___ Available data
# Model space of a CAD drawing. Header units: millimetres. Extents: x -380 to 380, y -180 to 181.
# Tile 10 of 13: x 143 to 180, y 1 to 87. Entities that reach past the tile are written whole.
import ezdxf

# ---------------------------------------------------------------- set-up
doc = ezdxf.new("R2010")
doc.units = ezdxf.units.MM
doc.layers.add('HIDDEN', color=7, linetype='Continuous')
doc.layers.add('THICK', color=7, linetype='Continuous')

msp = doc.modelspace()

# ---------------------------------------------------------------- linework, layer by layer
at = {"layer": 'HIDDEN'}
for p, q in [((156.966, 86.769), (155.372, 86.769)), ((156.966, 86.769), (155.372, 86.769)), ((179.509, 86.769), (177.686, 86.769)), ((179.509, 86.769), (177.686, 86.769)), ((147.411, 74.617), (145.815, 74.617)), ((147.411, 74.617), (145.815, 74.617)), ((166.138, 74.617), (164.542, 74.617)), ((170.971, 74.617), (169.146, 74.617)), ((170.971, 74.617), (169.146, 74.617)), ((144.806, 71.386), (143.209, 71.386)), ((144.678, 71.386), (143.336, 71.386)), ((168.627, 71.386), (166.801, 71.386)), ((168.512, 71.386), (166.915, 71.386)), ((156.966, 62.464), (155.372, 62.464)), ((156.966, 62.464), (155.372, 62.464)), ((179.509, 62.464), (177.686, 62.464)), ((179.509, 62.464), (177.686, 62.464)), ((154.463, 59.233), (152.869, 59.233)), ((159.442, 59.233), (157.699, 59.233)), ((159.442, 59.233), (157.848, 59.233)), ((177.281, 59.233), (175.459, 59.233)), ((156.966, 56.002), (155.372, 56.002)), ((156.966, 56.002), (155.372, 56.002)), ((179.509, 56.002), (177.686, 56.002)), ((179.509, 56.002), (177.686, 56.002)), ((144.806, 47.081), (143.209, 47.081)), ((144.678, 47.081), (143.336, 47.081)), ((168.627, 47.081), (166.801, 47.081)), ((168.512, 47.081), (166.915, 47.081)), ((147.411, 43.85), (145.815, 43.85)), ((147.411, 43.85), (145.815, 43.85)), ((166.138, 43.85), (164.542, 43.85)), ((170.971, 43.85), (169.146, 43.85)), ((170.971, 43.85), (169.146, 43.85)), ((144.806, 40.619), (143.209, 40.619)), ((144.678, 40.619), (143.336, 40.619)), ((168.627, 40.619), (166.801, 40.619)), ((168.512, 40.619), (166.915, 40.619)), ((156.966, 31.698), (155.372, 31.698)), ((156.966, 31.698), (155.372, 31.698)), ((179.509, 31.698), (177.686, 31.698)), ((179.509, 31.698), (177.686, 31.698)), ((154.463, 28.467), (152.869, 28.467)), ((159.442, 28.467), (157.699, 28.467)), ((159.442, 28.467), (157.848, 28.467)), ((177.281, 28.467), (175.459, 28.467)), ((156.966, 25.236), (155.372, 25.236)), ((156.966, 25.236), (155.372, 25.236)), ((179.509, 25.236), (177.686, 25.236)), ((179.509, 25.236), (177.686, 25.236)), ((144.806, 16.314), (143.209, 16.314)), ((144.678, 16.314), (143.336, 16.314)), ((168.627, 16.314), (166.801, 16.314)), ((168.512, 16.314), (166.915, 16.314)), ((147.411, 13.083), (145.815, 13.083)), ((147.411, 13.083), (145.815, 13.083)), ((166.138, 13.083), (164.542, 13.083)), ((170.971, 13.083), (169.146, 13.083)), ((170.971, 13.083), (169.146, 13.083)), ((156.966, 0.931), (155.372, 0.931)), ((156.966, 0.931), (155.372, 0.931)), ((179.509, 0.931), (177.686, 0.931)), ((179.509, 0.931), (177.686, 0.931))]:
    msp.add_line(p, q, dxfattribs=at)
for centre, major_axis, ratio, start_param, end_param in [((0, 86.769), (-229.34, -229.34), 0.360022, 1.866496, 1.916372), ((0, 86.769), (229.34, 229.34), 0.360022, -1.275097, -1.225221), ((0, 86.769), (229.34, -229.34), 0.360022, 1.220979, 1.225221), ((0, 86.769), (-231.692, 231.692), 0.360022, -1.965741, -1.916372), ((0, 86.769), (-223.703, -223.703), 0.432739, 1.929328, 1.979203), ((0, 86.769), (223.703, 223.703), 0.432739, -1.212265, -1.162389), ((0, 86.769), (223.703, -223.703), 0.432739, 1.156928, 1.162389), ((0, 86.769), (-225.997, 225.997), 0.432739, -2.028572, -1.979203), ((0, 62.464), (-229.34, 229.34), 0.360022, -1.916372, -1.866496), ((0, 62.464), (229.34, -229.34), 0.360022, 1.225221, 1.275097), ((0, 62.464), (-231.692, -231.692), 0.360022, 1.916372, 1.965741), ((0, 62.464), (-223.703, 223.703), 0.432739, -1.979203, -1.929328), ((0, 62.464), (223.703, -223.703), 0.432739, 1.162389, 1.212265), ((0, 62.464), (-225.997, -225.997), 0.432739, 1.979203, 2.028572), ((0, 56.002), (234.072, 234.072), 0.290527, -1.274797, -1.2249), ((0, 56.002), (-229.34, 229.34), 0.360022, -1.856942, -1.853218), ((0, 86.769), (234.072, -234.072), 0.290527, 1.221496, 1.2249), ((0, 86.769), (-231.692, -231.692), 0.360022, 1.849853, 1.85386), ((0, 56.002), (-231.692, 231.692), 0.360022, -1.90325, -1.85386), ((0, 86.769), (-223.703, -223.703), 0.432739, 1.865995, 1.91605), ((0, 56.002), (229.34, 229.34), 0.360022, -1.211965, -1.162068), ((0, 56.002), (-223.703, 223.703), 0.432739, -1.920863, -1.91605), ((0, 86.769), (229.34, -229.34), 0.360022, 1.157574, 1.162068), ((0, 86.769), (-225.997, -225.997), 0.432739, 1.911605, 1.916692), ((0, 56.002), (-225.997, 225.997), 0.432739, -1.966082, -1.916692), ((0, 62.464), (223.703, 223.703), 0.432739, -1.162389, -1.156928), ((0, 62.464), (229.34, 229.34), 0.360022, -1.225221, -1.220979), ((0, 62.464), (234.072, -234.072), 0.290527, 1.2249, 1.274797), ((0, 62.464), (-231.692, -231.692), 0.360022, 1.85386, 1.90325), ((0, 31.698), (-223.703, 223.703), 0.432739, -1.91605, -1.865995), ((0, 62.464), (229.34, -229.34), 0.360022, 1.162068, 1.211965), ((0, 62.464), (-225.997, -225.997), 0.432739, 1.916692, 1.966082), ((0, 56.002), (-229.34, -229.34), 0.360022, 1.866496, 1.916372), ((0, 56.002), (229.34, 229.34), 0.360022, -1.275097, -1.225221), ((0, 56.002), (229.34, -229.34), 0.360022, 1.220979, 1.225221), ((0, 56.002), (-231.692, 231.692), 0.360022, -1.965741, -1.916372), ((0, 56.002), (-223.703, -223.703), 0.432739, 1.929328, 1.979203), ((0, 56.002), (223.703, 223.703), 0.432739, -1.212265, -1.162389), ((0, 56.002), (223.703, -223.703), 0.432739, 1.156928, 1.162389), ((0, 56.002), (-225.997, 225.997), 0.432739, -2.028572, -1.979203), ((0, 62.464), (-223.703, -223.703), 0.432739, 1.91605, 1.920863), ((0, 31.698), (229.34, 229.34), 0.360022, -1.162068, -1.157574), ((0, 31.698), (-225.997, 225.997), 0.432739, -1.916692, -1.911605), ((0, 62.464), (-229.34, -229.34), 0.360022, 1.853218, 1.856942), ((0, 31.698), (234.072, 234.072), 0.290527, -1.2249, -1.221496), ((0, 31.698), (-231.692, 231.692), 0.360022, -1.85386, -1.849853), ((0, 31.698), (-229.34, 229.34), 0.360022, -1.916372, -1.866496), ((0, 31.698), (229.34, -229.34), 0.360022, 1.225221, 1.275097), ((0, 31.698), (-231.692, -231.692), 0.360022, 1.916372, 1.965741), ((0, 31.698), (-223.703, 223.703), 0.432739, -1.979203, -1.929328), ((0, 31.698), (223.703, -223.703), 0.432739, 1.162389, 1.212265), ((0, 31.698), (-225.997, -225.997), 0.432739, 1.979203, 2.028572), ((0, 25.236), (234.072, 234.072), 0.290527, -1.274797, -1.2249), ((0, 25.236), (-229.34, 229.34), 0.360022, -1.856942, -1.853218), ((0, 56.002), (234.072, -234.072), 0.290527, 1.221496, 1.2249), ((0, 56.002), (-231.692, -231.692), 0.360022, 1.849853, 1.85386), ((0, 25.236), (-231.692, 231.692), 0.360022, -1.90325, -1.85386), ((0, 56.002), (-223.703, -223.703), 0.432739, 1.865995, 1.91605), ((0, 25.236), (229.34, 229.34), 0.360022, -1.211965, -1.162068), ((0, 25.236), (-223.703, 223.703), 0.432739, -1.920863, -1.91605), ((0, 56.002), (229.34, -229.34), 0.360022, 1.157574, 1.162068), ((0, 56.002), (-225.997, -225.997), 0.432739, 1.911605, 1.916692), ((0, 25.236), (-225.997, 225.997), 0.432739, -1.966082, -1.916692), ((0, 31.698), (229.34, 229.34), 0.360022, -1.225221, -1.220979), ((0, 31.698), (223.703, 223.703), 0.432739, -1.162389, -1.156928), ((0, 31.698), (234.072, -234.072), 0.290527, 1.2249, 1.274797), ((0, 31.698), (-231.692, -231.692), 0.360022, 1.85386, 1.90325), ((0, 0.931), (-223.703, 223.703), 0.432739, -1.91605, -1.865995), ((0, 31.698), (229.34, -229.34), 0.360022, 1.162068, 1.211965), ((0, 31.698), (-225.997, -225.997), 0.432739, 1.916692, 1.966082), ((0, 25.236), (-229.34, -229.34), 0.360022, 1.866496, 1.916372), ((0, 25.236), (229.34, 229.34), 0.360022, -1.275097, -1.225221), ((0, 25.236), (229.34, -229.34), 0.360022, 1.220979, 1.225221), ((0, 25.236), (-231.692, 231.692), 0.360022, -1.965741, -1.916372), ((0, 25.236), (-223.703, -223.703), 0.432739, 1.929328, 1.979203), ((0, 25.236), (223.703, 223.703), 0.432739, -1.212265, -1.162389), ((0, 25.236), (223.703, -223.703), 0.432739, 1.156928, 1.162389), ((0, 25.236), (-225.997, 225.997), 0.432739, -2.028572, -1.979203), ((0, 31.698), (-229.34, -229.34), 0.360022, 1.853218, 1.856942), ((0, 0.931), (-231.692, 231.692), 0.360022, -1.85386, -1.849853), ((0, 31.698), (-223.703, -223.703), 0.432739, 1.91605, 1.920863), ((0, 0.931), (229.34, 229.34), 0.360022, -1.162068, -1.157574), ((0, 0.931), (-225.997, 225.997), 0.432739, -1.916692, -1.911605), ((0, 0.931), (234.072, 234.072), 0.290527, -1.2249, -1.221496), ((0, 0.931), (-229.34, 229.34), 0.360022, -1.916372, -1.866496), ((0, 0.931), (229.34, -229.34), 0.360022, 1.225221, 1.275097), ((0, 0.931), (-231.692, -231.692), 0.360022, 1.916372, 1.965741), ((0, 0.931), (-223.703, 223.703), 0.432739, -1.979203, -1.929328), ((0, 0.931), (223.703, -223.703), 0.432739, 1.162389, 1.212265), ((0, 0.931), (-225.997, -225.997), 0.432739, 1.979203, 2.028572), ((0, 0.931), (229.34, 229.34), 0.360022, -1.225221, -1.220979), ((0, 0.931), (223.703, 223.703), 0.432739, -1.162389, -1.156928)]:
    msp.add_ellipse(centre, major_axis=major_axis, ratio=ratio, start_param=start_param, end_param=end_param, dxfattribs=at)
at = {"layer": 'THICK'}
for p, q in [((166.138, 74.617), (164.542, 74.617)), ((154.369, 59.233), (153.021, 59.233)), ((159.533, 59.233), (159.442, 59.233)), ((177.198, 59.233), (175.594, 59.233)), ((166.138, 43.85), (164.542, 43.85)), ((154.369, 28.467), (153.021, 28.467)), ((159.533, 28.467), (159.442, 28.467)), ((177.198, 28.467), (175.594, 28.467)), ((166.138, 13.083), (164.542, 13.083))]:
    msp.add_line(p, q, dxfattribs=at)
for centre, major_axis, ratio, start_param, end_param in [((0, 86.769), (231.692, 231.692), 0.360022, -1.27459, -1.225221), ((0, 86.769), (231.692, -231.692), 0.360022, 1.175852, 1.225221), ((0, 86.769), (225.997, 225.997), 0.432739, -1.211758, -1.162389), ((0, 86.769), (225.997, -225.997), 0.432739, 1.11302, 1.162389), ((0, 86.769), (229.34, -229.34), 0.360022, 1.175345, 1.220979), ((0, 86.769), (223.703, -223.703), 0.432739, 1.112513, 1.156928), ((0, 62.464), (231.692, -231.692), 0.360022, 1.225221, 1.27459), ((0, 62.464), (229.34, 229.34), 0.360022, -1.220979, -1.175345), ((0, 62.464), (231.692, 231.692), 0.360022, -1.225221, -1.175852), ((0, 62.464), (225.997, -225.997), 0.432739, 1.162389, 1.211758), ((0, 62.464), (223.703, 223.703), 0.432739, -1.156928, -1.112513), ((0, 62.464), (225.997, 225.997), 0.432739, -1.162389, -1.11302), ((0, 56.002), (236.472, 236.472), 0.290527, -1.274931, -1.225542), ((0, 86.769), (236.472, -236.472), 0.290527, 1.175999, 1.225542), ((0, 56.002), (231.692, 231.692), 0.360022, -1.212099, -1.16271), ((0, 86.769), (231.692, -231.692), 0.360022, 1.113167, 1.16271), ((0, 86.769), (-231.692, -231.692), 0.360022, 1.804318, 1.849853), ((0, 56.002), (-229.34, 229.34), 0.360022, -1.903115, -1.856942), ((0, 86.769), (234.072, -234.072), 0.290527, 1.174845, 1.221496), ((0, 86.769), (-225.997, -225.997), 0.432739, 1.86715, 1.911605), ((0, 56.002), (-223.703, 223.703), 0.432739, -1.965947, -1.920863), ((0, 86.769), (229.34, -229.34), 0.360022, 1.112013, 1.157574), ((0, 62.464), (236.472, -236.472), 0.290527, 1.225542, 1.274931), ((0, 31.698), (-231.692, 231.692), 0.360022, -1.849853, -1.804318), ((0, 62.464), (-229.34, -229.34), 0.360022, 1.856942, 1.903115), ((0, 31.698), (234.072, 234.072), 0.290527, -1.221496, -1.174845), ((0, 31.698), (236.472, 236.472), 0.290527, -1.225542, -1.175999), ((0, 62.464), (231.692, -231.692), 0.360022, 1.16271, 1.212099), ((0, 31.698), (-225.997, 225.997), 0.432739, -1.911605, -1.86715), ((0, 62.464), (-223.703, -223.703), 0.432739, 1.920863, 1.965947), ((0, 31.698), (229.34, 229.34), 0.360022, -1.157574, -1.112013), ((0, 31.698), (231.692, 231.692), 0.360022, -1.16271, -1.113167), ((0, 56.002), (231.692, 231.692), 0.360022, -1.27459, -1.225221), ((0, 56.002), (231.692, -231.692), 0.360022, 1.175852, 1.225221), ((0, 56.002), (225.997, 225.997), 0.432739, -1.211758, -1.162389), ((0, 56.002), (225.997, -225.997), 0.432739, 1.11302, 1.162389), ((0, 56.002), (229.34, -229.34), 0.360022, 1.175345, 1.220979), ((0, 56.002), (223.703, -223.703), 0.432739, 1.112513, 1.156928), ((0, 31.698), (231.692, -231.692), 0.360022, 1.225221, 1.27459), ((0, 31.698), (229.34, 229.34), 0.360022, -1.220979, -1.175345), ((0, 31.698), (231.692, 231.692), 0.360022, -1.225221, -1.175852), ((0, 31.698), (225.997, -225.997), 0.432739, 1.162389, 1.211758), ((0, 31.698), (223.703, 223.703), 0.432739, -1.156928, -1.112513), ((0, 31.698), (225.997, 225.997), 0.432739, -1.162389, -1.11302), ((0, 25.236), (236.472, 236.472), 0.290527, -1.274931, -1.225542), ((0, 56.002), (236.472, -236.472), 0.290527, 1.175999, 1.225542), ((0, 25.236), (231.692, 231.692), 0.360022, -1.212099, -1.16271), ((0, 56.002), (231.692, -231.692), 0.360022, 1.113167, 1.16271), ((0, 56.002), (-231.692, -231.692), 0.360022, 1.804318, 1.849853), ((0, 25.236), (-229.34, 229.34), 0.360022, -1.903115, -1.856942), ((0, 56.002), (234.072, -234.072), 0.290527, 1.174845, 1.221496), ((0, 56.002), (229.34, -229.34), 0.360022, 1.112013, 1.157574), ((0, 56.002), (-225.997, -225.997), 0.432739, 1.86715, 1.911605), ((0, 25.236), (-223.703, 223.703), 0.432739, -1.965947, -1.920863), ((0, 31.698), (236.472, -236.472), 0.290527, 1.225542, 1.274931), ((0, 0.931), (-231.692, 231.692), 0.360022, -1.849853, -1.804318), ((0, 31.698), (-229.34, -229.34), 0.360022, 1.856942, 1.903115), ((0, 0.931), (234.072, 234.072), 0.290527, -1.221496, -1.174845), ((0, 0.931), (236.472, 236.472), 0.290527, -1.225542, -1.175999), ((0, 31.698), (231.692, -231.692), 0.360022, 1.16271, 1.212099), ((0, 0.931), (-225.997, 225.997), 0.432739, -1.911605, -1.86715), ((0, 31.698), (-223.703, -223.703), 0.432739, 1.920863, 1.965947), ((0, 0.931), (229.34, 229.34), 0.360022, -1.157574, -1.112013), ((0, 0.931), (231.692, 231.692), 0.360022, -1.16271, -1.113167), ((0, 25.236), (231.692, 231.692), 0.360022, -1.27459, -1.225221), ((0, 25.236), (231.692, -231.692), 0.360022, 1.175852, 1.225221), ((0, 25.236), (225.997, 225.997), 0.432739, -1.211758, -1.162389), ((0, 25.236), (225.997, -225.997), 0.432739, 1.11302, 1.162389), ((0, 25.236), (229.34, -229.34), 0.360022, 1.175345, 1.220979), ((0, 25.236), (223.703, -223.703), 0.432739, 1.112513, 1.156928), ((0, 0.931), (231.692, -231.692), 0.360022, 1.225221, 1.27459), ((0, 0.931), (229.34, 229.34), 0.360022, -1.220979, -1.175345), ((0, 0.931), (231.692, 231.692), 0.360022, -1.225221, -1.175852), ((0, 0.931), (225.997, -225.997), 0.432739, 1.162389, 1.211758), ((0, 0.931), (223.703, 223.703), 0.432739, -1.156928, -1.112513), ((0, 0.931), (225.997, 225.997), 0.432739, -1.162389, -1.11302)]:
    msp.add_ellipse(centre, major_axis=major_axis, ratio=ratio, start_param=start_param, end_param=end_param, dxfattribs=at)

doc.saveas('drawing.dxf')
______
# Your instructions
For the string "layers", filter the data and copy out each line where it occurs.

# Result
doc.layers.add('HIDDEN', color=7, linetype='Continuous')
doc.layers.add('THICK', color=7, linetype='Continuous')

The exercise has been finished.